The secrecy became so convincing that even those closest to the operation misunderstood what was happening.
“So much so that Ismail’s secretary … could not understand why Ismail had suddenly developed an interest in ornithology, in birdwatching,” White said.
He recalled that Khalid’s wife was equally puzzled by the frequent late-night telephone calls with London discussing birds, unaware they referred to one of Malaysia’s most significant corporate acquisitions.
White said the operation ultimately succeeded after PNB offered £9.01 per share, a substantial premium over Guthrie’s prevailing market price of about £6.33.
While the offer attracted criticism in Malaysia at the time for appearing expensive as commodity prices weakened and the global economy slowed, White said the premium was intentional.
“The price is really to tempt M&G,” he said, referring to Britain’s largest unit trust manager at the time.
White said the £9.01 offer was deliberately pitched to entice major institutional shareholders, particularly M&G, to sell quickly, allowing PNB to cross the mandatory takeover threshold and secure majority control of Guthrie.

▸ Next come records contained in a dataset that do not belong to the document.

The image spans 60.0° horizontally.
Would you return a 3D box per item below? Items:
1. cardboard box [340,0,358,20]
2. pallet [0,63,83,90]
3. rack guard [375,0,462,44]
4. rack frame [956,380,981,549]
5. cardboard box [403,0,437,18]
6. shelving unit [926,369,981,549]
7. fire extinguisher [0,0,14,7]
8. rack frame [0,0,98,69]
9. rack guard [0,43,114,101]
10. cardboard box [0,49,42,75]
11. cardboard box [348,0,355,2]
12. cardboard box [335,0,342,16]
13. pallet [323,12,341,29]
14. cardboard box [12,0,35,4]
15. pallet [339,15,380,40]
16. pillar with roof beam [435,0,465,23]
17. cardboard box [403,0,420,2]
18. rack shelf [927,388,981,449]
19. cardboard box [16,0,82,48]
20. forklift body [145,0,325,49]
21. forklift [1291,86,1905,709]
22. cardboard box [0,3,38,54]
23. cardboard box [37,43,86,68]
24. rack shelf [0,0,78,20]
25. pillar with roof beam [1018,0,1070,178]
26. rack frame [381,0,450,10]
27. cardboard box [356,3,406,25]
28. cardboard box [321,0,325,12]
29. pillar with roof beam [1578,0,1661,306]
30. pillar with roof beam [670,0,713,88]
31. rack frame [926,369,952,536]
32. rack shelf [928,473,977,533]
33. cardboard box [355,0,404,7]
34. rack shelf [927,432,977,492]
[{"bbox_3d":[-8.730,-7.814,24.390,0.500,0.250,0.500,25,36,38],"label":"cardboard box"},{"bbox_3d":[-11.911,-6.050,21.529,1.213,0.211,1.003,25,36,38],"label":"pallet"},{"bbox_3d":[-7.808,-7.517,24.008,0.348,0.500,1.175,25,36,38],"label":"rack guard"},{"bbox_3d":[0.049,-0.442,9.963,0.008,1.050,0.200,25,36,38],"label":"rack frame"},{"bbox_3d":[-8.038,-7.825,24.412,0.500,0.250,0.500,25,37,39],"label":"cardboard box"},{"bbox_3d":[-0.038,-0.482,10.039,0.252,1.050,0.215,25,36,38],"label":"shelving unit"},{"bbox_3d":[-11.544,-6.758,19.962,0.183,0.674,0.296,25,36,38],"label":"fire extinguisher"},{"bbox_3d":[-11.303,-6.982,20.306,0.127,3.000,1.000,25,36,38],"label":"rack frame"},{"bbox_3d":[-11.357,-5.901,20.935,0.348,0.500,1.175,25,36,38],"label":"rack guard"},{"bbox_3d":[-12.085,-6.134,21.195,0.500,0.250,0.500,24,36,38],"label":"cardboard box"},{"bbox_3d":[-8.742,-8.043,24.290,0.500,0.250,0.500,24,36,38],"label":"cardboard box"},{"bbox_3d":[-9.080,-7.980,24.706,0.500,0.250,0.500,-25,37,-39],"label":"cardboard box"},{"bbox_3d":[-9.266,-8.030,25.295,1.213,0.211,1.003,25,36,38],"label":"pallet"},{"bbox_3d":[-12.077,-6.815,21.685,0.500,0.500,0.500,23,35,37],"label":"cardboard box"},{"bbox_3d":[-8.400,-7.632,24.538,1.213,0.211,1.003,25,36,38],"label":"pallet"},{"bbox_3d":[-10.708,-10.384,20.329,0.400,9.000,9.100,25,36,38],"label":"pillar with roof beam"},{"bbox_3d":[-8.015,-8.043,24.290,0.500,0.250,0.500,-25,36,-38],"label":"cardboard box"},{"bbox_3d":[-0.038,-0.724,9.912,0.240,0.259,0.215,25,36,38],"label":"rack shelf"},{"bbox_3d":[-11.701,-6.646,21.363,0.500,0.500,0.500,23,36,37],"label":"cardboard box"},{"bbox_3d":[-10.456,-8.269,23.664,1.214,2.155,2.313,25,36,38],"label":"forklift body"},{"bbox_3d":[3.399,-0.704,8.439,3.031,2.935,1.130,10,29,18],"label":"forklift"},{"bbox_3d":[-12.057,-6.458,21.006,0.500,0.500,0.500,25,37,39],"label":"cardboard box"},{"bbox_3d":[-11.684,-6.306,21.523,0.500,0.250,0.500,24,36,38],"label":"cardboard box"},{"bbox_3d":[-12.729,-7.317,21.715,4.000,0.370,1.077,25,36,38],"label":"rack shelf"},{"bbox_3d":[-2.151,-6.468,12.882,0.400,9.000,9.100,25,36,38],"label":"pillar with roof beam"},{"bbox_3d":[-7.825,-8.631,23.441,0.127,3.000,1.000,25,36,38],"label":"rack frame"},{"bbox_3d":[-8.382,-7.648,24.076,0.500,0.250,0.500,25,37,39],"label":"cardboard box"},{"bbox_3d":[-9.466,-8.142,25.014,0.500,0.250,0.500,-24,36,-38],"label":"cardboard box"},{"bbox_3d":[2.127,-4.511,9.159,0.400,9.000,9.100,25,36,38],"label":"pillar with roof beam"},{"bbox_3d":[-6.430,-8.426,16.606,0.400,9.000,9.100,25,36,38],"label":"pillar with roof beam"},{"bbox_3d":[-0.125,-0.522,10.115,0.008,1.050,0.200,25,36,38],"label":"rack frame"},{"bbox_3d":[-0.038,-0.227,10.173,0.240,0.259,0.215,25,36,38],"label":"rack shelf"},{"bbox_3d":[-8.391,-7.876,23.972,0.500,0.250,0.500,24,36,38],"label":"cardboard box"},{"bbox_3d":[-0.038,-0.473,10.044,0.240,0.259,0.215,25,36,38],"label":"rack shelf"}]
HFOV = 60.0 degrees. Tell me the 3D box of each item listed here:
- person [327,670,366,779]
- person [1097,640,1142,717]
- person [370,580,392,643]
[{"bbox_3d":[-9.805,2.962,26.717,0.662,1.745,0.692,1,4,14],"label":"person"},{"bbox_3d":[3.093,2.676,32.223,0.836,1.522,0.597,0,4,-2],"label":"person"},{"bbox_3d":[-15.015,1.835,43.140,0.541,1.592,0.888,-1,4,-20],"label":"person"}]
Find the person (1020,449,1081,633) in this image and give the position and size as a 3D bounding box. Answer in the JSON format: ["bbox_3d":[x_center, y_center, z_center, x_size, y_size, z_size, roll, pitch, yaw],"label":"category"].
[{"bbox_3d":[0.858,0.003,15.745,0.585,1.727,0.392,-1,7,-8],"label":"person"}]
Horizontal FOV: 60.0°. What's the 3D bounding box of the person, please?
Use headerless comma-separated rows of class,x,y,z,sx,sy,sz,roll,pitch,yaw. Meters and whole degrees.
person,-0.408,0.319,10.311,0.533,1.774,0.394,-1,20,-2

White traced the origins of the Dawn Raid to the NEP, introduced in the early 1970s to increase Bumiputera participation in the corporate sector while addressing colonial-era ownership structures.
He said Guthrie attempted to respond through a programme known as “Ropel”, which gradually transferred plantation assets into Malaysian ownership.
However, the programme targeted only 40% Malaysian ownership by 1990, well short of the majority control sought by Malaysian policymakers.
White also said Guthrie increasingly frustrated PNB by using proceeds from Malaysian land sales to diversify into businesses in Britain and North America instead of reinvesting in Malaysia.
The launch of Amanah Saham Nasional in April 1981 increased pressure on PNB to secure high-quality assets capable of generating returns for its rapidly growing base of Bumiputera investors, making Guthrie an increasingly attractive target.
White said the “most significant long-term asset” acquired through the Dawn Raid was not necessarily Guthrie’s plantation business itself, but its extensive land banks near rapidly growing urban centres such as Petaling Jaya.
As Malaysia industrialised and urbanisation accelerated over subsequent decades, many former plantation estates were transformed into townships, industrial estates and commercial developments, substantially increasing their value.
He said PNB recognised that long-term potential well before many London-based investors, who largely viewed Guthrie through the earnings of its plantation business rather than the future value of its land.
White explained that the subsequent sale of Guthrie’s overseas assets substantially offset the acquisition cost, while the takeover redirected dividend payments from British shareholders to Malaysian investors.